#### EXERCISE DIRECTIONS:
Reproduce exactly the lines below from the one containing "Your response must be concise. Yes. What" through the one containing "Your response must be concise. 77.74.", including both, and nothing else.

#### DATA:
__________________________________________________
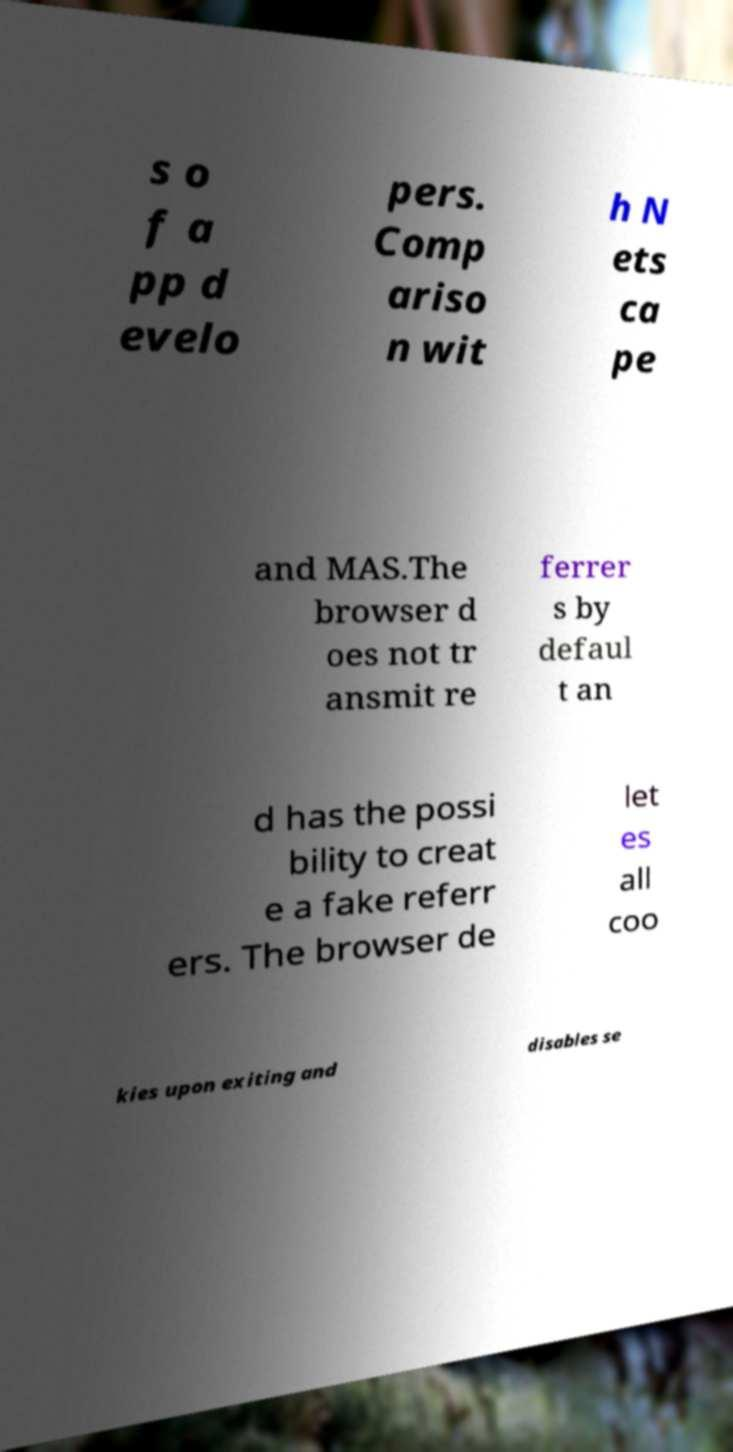What messages or text are displayed in this image? I need them in a readable, typed format. s o f a pp d evelo pers. Comp ariso n wit h N ets ca pe and MAS.The browser d oes not tr ansmit re ferrer s by defaul t an d has the possi bility to creat e a fake referr ers. The browser de let es all coo kies upon exiting and disables se 
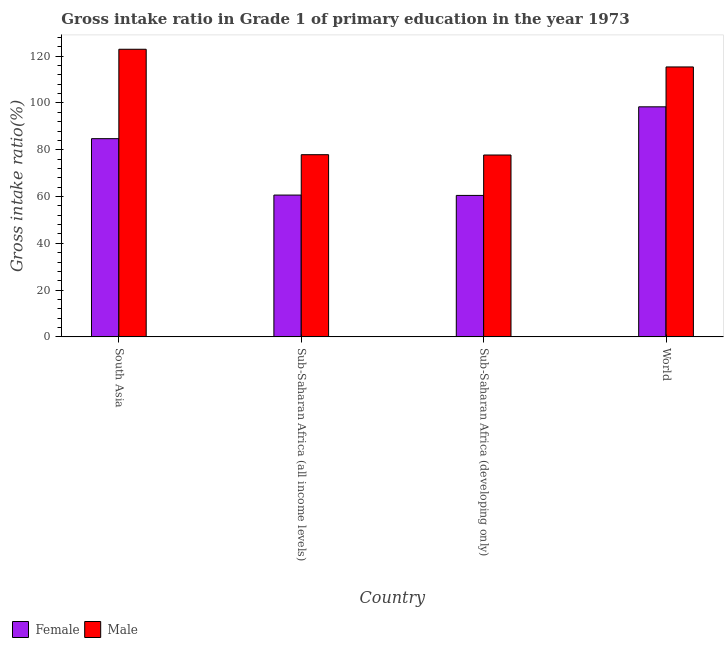How many different coloured bars are there?
Your answer should be very brief. 2. How many groups of bars are there?
Provide a succinct answer. 4. Are the number of bars per tick equal to the number of legend labels?
Your response must be concise. Yes. Are the number of bars on each tick of the X-axis equal?
Ensure brevity in your answer.  Yes. How many bars are there on the 2nd tick from the left?
Offer a terse response. 2. How many bars are there on the 2nd tick from the right?
Provide a short and direct response. 2. What is the label of the 2nd group of bars from the left?
Offer a terse response. Sub-Saharan Africa (all income levels). In how many cases, is the number of bars for a given country not equal to the number of legend labels?
Make the answer very short. 0. What is the gross intake ratio(female) in South Asia?
Give a very brief answer. 84.73. Across all countries, what is the maximum gross intake ratio(female)?
Make the answer very short. 98.34. Across all countries, what is the minimum gross intake ratio(female)?
Provide a succinct answer. 60.47. In which country was the gross intake ratio(male) maximum?
Keep it short and to the point. South Asia. In which country was the gross intake ratio(female) minimum?
Provide a short and direct response. Sub-Saharan Africa (developing only). What is the total gross intake ratio(male) in the graph?
Your answer should be very brief. 393.95. What is the difference between the gross intake ratio(male) in Sub-Saharan Africa (all income levels) and that in World?
Your answer should be very brief. -37.51. What is the difference between the gross intake ratio(female) in Sub-Saharan Africa (all income levels) and the gross intake ratio(male) in South Asia?
Keep it short and to the point. -62.33. What is the average gross intake ratio(female) per country?
Ensure brevity in your answer.  76.04. What is the difference between the gross intake ratio(male) and gross intake ratio(female) in Sub-Saharan Africa (all income levels)?
Your answer should be compact. 17.26. In how many countries, is the gross intake ratio(female) greater than 52 %?
Your answer should be very brief. 4. What is the ratio of the gross intake ratio(male) in Sub-Saharan Africa (all income levels) to that in Sub-Saharan Africa (developing only)?
Ensure brevity in your answer.  1. Is the gross intake ratio(female) in Sub-Saharan Africa (all income levels) less than that in World?
Your response must be concise. Yes. What is the difference between the highest and the second highest gross intake ratio(female)?
Your answer should be compact. 13.61. What is the difference between the highest and the lowest gross intake ratio(male)?
Offer a terse response. 45.21. What does the 1st bar from the right in Sub-Saharan Africa (developing only) represents?
Provide a short and direct response. Male. How many bars are there?
Ensure brevity in your answer.  8. Are all the bars in the graph horizontal?
Make the answer very short. No. How many countries are there in the graph?
Your response must be concise. 4. Where does the legend appear in the graph?
Your response must be concise. Bottom left. How many legend labels are there?
Give a very brief answer. 2. What is the title of the graph?
Provide a short and direct response. Gross intake ratio in Grade 1 of primary education in the year 1973. What is the label or title of the X-axis?
Offer a terse response. Country. What is the label or title of the Y-axis?
Your response must be concise. Gross intake ratio(%). What is the Gross intake ratio(%) of Female in South Asia?
Offer a terse response. 84.73. What is the Gross intake ratio(%) in Male in South Asia?
Keep it short and to the point. 122.95. What is the Gross intake ratio(%) in Female in Sub-Saharan Africa (all income levels)?
Make the answer very short. 60.62. What is the Gross intake ratio(%) in Male in Sub-Saharan Africa (all income levels)?
Ensure brevity in your answer.  77.88. What is the Gross intake ratio(%) of Female in Sub-Saharan Africa (developing only)?
Offer a very short reply. 60.47. What is the Gross intake ratio(%) of Male in Sub-Saharan Africa (developing only)?
Your response must be concise. 77.74. What is the Gross intake ratio(%) in Female in World?
Your answer should be very brief. 98.34. What is the Gross intake ratio(%) in Male in World?
Your answer should be very brief. 115.39. Across all countries, what is the maximum Gross intake ratio(%) in Female?
Keep it short and to the point. 98.34. Across all countries, what is the maximum Gross intake ratio(%) of Male?
Keep it short and to the point. 122.95. Across all countries, what is the minimum Gross intake ratio(%) in Female?
Keep it short and to the point. 60.47. Across all countries, what is the minimum Gross intake ratio(%) of Male?
Make the answer very short. 77.74. What is the total Gross intake ratio(%) in Female in the graph?
Keep it short and to the point. 304.16. What is the total Gross intake ratio(%) of Male in the graph?
Your response must be concise. 393.95. What is the difference between the Gross intake ratio(%) in Female in South Asia and that in Sub-Saharan Africa (all income levels)?
Ensure brevity in your answer.  24.11. What is the difference between the Gross intake ratio(%) of Male in South Asia and that in Sub-Saharan Africa (all income levels)?
Give a very brief answer. 45.07. What is the difference between the Gross intake ratio(%) of Female in South Asia and that in Sub-Saharan Africa (developing only)?
Provide a short and direct response. 24.26. What is the difference between the Gross intake ratio(%) in Male in South Asia and that in Sub-Saharan Africa (developing only)?
Your answer should be compact. 45.21. What is the difference between the Gross intake ratio(%) of Female in South Asia and that in World?
Offer a very short reply. -13.61. What is the difference between the Gross intake ratio(%) in Male in South Asia and that in World?
Keep it short and to the point. 7.56. What is the difference between the Gross intake ratio(%) in Female in Sub-Saharan Africa (all income levels) and that in Sub-Saharan Africa (developing only)?
Offer a terse response. 0.15. What is the difference between the Gross intake ratio(%) in Male in Sub-Saharan Africa (all income levels) and that in Sub-Saharan Africa (developing only)?
Offer a terse response. 0.14. What is the difference between the Gross intake ratio(%) in Female in Sub-Saharan Africa (all income levels) and that in World?
Make the answer very short. -37.73. What is the difference between the Gross intake ratio(%) in Male in Sub-Saharan Africa (all income levels) and that in World?
Keep it short and to the point. -37.51. What is the difference between the Gross intake ratio(%) of Female in Sub-Saharan Africa (developing only) and that in World?
Ensure brevity in your answer.  -37.87. What is the difference between the Gross intake ratio(%) in Male in Sub-Saharan Africa (developing only) and that in World?
Offer a very short reply. -37.65. What is the difference between the Gross intake ratio(%) in Female in South Asia and the Gross intake ratio(%) in Male in Sub-Saharan Africa (all income levels)?
Make the answer very short. 6.85. What is the difference between the Gross intake ratio(%) of Female in South Asia and the Gross intake ratio(%) of Male in Sub-Saharan Africa (developing only)?
Your response must be concise. 6.99. What is the difference between the Gross intake ratio(%) of Female in South Asia and the Gross intake ratio(%) of Male in World?
Provide a short and direct response. -30.66. What is the difference between the Gross intake ratio(%) in Female in Sub-Saharan Africa (all income levels) and the Gross intake ratio(%) in Male in Sub-Saharan Africa (developing only)?
Give a very brief answer. -17.12. What is the difference between the Gross intake ratio(%) in Female in Sub-Saharan Africa (all income levels) and the Gross intake ratio(%) in Male in World?
Keep it short and to the point. -54.77. What is the difference between the Gross intake ratio(%) of Female in Sub-Saharan Africa (developing only) and the Gross intake ratio(%) of Male in World?
Provide a succinct answer. -54.92. What is the average Gross intake ratio(%) in Female per country?
Provide a succinct answer. 76.04. What is the average Gross intake ratio(%) of Male per country?
Ensure brevity in your answer.  98.49. What is the difference between the Gross intake ratio(%) in Female and Gross intake ratio(%) in Male in South Asia?
Offer a terse response. -38.22. What is the difference between the Gross intake ratio(%) in Female and Gross intake ratio(%) in Male in Sub-Saharan Africa (all income levels)?
Your response must be concise. -17.26. What is the difference between the Gross intake ratio(%) of Female and Gross intake ratio(%) of Male in Sub-Saharan Africa (developing only)?
Your response must be concise. -17.27. What is the difference between the Gross intake ratio(%) of Female and Gross intake ratio(%) of Male in World?
Your answer should be compact. -17.04. What is the ratio of the Gross intake ratio(%) of Female in South Asia to that in Sub-Saharan Africa (all income levels)?
Ensure brevity in your answer.  1.4. What is the ratio of the Gross intake ratio(%) of Male in South Asia to that in Sub-Saharan Africa (all income levels)?
Your answer should be very brief. 1.58. What is the ratio of the Gross intake ratio(%) in Female in South Asia to that in Sub-Saharan Africa (developing only)?
Give a very brief answer. 1.4. What is the ratio of the Gross intake ratio(%) in Male in South Asia to that in Sub-Saharan Africa (developing only)?
Keep it short and to the point. 1.58. What is the ratio of the Gross intake ratio(%) of Female in South Asia to that in World?
Keep it short and to the point. 0.86. What is the ratio of the Gross intake ratio(%) in Male in South Asia to that in World?
Offer a terse response. 1.07. What is the ratio of the Gross intake ratio(%) in Female in Sub-Saharan Africa (all income levels) to that in Sub-Saharan Africa (developing only)?
Your answer should be compact. 1. What is the ratio of the Gross intake ratio(%) of Male in Sub-Saharan Africa (all income levels) to that in Sub-Saharan Africa (developing only)?
Your response must be concise. 1. What is the ratio of the Gross intake ratio(%) in Female in Sub-Saharan Africa (all income levels) to that in World?
Ensure brevity in your answer.  0.62. What is the ratio of the Gross intake ratio(%) in Male in Sub-Saharan Africa (all income levels) to that in World?
Offer a very short reply. 0.67. What is the ratio of the Gross intake ratio(%) in Female in Sub-Saharan Africa (developing only) to that in World?
Your answer should be very brief. 0.61. What is the ratio of the Gross intake ratio(%) in Male in Sub-Saharan Africa (developing only) to that in World?
Your answer should be compact. 0.67. What is the difference between the highest and the second highest Gross intake ratio(%) in Female?
Give a very brief answer. 13.61. What is the difference between the highest and the second highest Gross intake ratio(%) of Male?
Give a very brief answer. 7.56. What is the difference between the highest and the lowest Gross intake ratio(%) of Female?
Make the answer very short. 37.87. What is the difference between the highest and the lowest Gross intake ratio(%) in Male?
Your answer should be very brief. 45.21.
__________________________________________________
#### SOLVED PROBLEM:
Your response must be concise. Yes. What is the difference between the highest and the second highest gross intake ratio(female)?
Your answer should be compact. 13.61. What is the difference between the highest and the lowest gross intake ratio(male)?
Offer a terse response. 45.21. What does the 1st bar from the right in Sub-Saharan Africa (developing only) represents?
Provide a short and direct response. Male. How many bars are there?
Ensure brevity in your answer.  8. Are all the bars in the graph horizontal?
Make the answer very short. No. How many countries are there in the graph?
Your response must be concise. 4. Where does the legend appear in the graph?
Your response must be concise. Bottom left. How many legend labels are there?
Give a very brief answer. 2. What is the title of the graph?
Provide a short and direct response. Gross intake ratio in Grade 1 of primary education in the year 1973. What is the label or title of the X-axis?
Offer a terse response. Country. What is the label or title of the Y-axis?
Your response must be concise. Gross intake ratio(%). What is the Gross intake ratio(%) of Female in South Asia?
Offer a terse response. 84.73. What is the Gross intake ratio(%) in Male in South Asia?
Keep it short and to the point. 122.95. What is the Gross intake ratio(%) in Female in Sub-Saharan Africa (all income levels)?
Make the answer very short. 60.62. What is the Gross intake ratio(%) in Male in Sub-Saharan Africa (all income levels)?
Ensure brevity in your answer.  77.88. What is the Gross intake ratio(%) of Female in Sub-Saharan Africa (developing only)?
Offer a very short reply. 60.47. What is the Gross intake ratio(%) of Male in Sub-Saharan Africa (developing only)?
Your response must be concise. 77.74. What is the Gross intake ratio(%) in Female in World?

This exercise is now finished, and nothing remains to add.